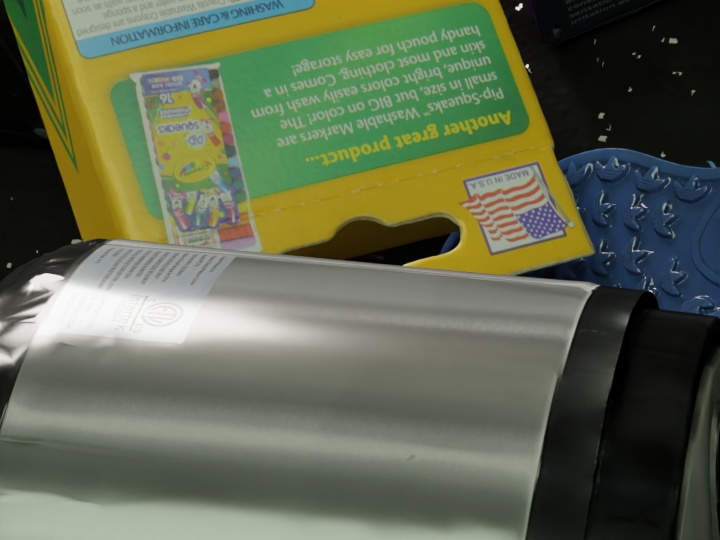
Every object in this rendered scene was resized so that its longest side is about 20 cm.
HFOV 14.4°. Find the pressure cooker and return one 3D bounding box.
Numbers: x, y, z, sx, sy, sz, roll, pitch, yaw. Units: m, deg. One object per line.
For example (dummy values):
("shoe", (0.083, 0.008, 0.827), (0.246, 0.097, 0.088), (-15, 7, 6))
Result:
("pressure cooker", (0.013, 0.085, 0.623), (0.199, 0.179, 0.177), (4, 65, 12))

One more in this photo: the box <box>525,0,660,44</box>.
("box", (0.061, -0.187, 0.827), (0.104, 0.200, 0.149), (-22, 60, 3))

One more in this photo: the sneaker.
("sneaker", (0.118, 0.000, 0.801), (0.199, 0.078, 0.071), (-13, 62, 33))

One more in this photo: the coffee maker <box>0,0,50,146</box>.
("coffee maker", (-0.108, -0.150, 0.913), (0.191, 0.135, 0.201), (20, 70, -5))

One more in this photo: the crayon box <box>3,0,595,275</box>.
("crayon box", (-0.030, -0.070, 0.799), (0.125, 0.052, 0.201), (-14, 70, -17))

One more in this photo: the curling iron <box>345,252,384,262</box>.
("curling iron", (0.000, 0.000, 0.850), (0.049, 0.026, 0.201), (7, 67, 26))

============

**WHAT YOU HAVE TO DO**
Across the entries above, find the lines with the string "object" and copy them.

**REPLY**
Every object in this rendered scene was resized so that its longest side is about 20 cm.
Numbers: x, y, z, sx, sy, sz, roll, pitch, yaw. Units: m, deg. One object per line.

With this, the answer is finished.